The safety and efficacy of VIMIZIM were assessed in a 24-week, randomized, double-blind, placebo-controlled clinical trial of 176 patients with MPS IVA (MOR-004). The primary endpoint of the trial, change in six-minute walk distance at 24 weeks, was statistically significant in patients receiving weekly infusions of VIMIZIM at the dose of 2 mg/kg with a mean increase of 22.5 meters (p=0.0174) over placebo.
In patients who continued to receive VIMIZIM 2 mg/kg once per week for another 48 weeks (for a total of 72-week exposure), walking ability was sustained to a similar level that was achieved during the first 24 weeks of treatment in the placebo-controlled trial, MOR-004.
Overall, sustained improvements across multiple efficacy measurements and across multiple clinical trials provided evidence of clinical benefit to patients with MPS IVA, a chronic, progressive disease in which clinical deterioration is the expected course.
The adverse events observed in clinical trials were similar to those seen in other enzyme replacement therapies. In the Phase 3 trial, the most common adverse reactions (≥10% and a higher incidence than placebo) that occurred were pyrexia, vomiting, headache, nausea, abdominal pain, chills, and fatigue. No new types of adverse reactions were reported in the Phase 3 extension trial. The most common adverse reactions (≥10%) observed across pre-marketing clinical trials were similar in type and frequency as those observed in the placebo-controlled trial. Acute reactions requiring intervention were managed by either temporarily interrupting or discontinuing infusion, and administering additional antihistamine, antipyretics, or corticosteroids.
BioMarin will offer support to patients through its BioMarin Patient & Physician Support (BPPS) team. Through BPPS, patients receive live, personalized support by a specialized case manager who will research insurance coverage and alternative benefit options. BPPS will help patients obtain coverage and minimize out-of-pocket expenses and find alternative financial assistance for treatment. To reach a BPPS case manager, please call, toll-free, 1-866-906-61001-866-906-6100 or e-mail email@example.com.
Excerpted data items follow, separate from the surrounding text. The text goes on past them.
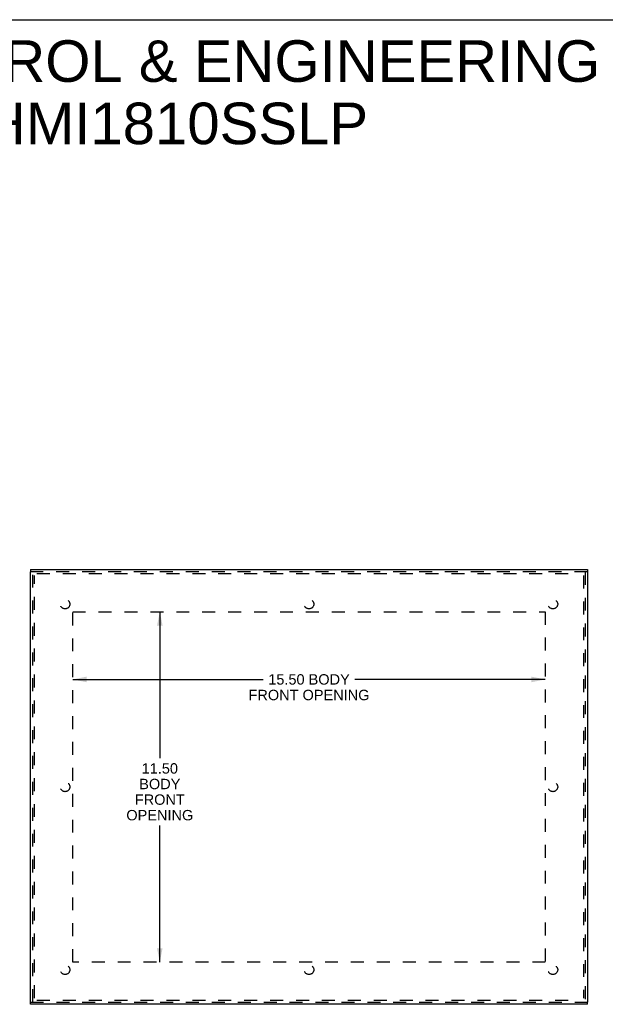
# Model space of a CAD drawing. Header units: inches. Extents: x 0 to 77.3, y 0 to 50.
# Tile 13 of 50: x 16.1 to 35.3, y 17.7 to 50. Entities that reach past the tile are written whole.
import ezdxf

# ---------------------------------------------------------------- set-up
doc = ezdxf.new("R2010")
doc.units = ezdxf.units.IN
doc.header["$LTSCALE"] = 4.25
doc.header["$MEASUREMENT"] = 0
doc.linetypes.add('HIDDEN', pattern=[0.2, 0.1, -0.1])
doc.layers.get('0').update_dxf_attribs({"linetype": 'CONTINUOUS'})
for name, color, linetype in [('DEFAULT_2', 8, 'HIDDEN'), ('DIMENSIONS', 7, 'CONTINUOUS'), ('FRONT_COVER', 7, 'CONTINUOUS')]:
    doc.layers.add(name, color=color, linetype=linetype)
doc.styles.get("Standard").update_dxf_attribs({"font": 'arial.ttf'})
doc.dimstyles.new('DIMSTYLE_3', dxfattribs={"dimtxt": 0.340909, "dimasz": 0.454545, "dimexe": 0.09, "dimexo": 0.07, "dimgap": 0.0375, "dimtad": 0, "dimtih": 1, "dimtoh": 1, "dimzin": 4, "dimdsep": 46, "dimtxsty": 'Standard', "dimblk": '_FILLED', "dimblk1": '_FILLED', "dimblk2": '_FILLED', "dimcen": 0.09, "dimadec": 3, "dimazin": 1, "dimtfac": 1, "dimtdec": 3, "dimtofl": 0, "dimtmove": 0, "dimatfit": 3, "dimldrblk": '_FILLED', "dimfxl": 0, "dimtolj": 1, "dimtzin": 4, "dimarcsym": 0})

# ---------------------------------------------------------------- blocks, each defined once
blk = doc.blocks.new('_FILLED')
at = {"color": 0, "linetype": 'ByBlock'}
blk.add_solid([(0, 0), (-1, 0.2), (-1, -0.2)], dxfattribs=at)
blk = doc.blocks.new('*D8')
at = {"layer": 'DIMENSIONS', "color": 2, "linetype": 'Continuous'}
for p, q in [((17.851, 28.347), (24.095, 28.347)), ((33.351, 28.347), (27.106, 28.347))]:
    blk.add_line(p, q, dxfattribs=at)
at = {"layer": 'DIMENSIONS', "color": 2, "linetype": 'Continuous', "xscale": 0.4545454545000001, "yscale": 0.4545454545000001, "zscale": 0.4545454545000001, "rotation": 180}
blk.add_blockref('_FILLED', (17.851, 28.347), dxfattribs=at)
at = {"layer": 'DIMENSIONS', "color": 2, "linetype": 'Continuous', "xscale": 0.4545454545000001, "yscale": 0.4545454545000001, "zscale": 0.4545454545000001}
blk.add_blockref('_FILLED', (33.351, 28.347), dxfattribs=at)
at = {"layer": 'DIMENSIONS', "color": 2, "linetype": 'Continuous', "insert": (25.601, 28.518), "char_height": 0.34091, "width": 3.96164, "attachment_point": 2, "line_spacing_factor": 0.9}
blk.add_mtext('15.50 BODY\\PFRONT OPENING', dxfattribs=at)
blk = doc.blocks.new('*D9')
at = {"layer": 'DIMENSIONS', "color": 2, "linetype": 'Continuous'}
for p, q in [((20.708, 30.569), (20.708, 25.767)), ((20.708, 19.069), (20.708, 23.551))]:
    blk.add_line(p, q, dxfattribs=at)
at = {"layer": 'DIMENSIONS', "color": 2, "linetype": 'Continuous', "xscale": 0.4545454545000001, "yscale": 0.4545454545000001, "zscale": 0.4545454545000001}
for p, rotation in [((20.708, 30.569), 90), ((20.708, 19.069), 270)]:
    blk.add_blockref('_FILLED', p, dxfattribs=dict(at, rotation=rotation))
at = {"layer": 'DIMENSIONS', "color": 2, "linetype": 'Continuous', "insert": (20.708, 25.597), "char_height": 0.3409, "width": 2.19246, "attachment_point": 2, "line_spacing_factor": 0.9}
blk.add_mtext('11.50\\PBODY\\PFRONT\\POPENING', dxfattribs=at)

msp = doc.modelspace()

# ---------------------------------------------------------------- linework, layer by layer
at = {"color": 7, "linetype": 'Continuous'}
msp.add_line((0, 50), (77.272727, 50), dxfattribs=at)
at = {"layer": 'DEFAULT_2', "color": 8, "linetype": 'HIDDEN'}
for p, q in [((16.600866, 17.88236), (16.600866, 31.75636)), ((16.675866, 31.81936), (34.525866, 31.81936)), ((34.600866, 31.75636), (34.600866, 17.88236)), ((17.850866, 19.06936), (17.850866, 30.56936)), ((17.850866, 30.56936), (33.350866, 30.56936)), ((33.350866, 30.56936), (33.350866, 19.06936)), ((33.350866, 19.06936), (17.850866, 19.06936)), ((16.675866, 17.81936), (34.525866, 17.81936))]:
    msp.add_line(p, q, dxfattribs=at)
for centre in [(17.600866, 30.81936), (25.600866, 30.81936), (33.600866, 30.81936), (17.600866, 24.81936), (33.600866, 24.81936), (17.600866, 18.81936), (25.600866, 18.81936), (33.600866, 18.81936)]:
    msp.add_circle(centre, 0.15625, dxfattribs=at)
at = {"layer": 'FRONT_COVER', "color": 7, "linetype": 'Continuous'}
for p, q in [((16.465866, 31.95436), (16.465866, 31.87936)), ((34.735866, 31.95436), (34.735866, 31.87936)), ((16.465866, 17.68436), (16.465866, 17.75936)), ((34.735866, 17.68436), (34.735866, 17.75936))]:
    msp.add_line(p, q, dxfattribs=at)
at = {"layer": 'FRONT_COVER', "color": 3, "linetype": 'Continuous'}
for p, q in [((16.465866, 31.95436), (34.735866, 31.95436)), ((16.465866, 17.75936), (16.465866, 31.87936)), ((34.735866, 31.87936), (34.735866, 17.75936)), ((34.735866, 17.68436), (16.465866, 17.68436))]:
    msp.add_line(p, q, dxfattribs=at)
at = {"layer": 'FRONT_COVER', "color": 8, "linetype": 'HIDDEN'}
for p, q in [((34.735866, 31.87936), (16.465866, 31.87936)), ((16.540866, 17.75936), (16.540866, 31.87936)), ((34.660866, 31.87936), (34.660866, 17.75936)), ((16.465866, 17.75936), (34.735866, 17.75936))]:
    msp.add_line(p, q, dxfattribs=at)

# ---------------------------------------------------------------- texts
at = {"layer": 'DIMENSIONS', "color": 2, "linetype": 'Continuous', "insert": (17.904969, 49.323706), "char_height": 1.36363636, "width": 34.44068942, "attachment_point": 2, "line_spacing_factor": 0.9}
msp.add_mtext('SAGINAW CONTROL & ENGINEERING\\PSCE-14HMI1810SSLP', dxfattribs=at)

# ---------------------------------------------------------------- dimensions: what is measured, and where the dimension line sits
at = {"layer": 'DIMENSIONS', "color": 2, "linetype": 'Continuous'}
dim = msp.add_linear_dim(base=(33.350866, 28.347469), p1=(17.850866, 30.56936), p2=(33.350866, 30.56936), text='<> BODY\\PFRONT OPENING', dimstyle='DIMSTYLE_3', dxfattribs=at)
dim.commit()
dim.dimension.update_dxf_attribs({"geometry": '*D8', "text_midpoint": (25.600866, 28.091787), "dimtype": 160})
dim = msp.add_linear_dim(base=(20.707842, 19.06936), p1=(17.850866, 30.56936), p2=(17.850866, 19.06936), angle=270, text='<>\\PBODY\\PFRONT\\POPENING', dimstyle='DIMSTYLE_3', dxfattribs=at)
dim.commit()
dim.dimension.update_dxf_attribs({"geometry": '*D9', "text_midpoint": (20.707842, 24.659038), "dimtype": 160})

doc.saveas('drawing.dxf')

For more information about VIMIZIM, please visit www.VIMIZIM.com.
Ultragenyx Pharmaceutical Inc., announced December 4, 2013 the dosing of the first patient in a Phase 1/2 study of recombinant human beta-glucuronidase (rhGUS, UX003) for MPS7, in Manchester, UK. MP7 is an ultra-rare autosomal recessive lysosomal storage disorder characterized by a deficiency of the enzyme beta-glucuronidase that results in a severe multi-system disease.
William Sly, MD, Chairman Emeritus of the Department of Biochemistry at Saint Louis University commented, “Patients, families, and researchers have been waiting many years for this advancement in the treatment of MPS7. The initiation of clinical testing of rhGUS is
the culmination of decades of work.”
The Phase 1/2 open-label clinical trial will assess the safety and efficacy of rhGUS in a 12-week primary analysis phase, followed by dose-exploration and long-term extension. Five patients between 5 and 30 years of age inclusive will be enrolled and administered rhGUS every other week via intravenous infusion. Interim data from the Phase 1/2 study is expected in 2014.
“MPS7 is a devastating condition that has been neglected by the drug development community despite 20 years of extensive nonclinical research led by Dr. Sly and his colleagues,” said Emil D. Kakkis, MD, PhD, Chief Executive Officer of Ultragenyx. “The initiation of this Phase 1/2 study is an important milestone for Ultragenyx and for patients with MPS7.
Additional information about the study can be found at:
There currently are no therapy clinical trials for ML II/III.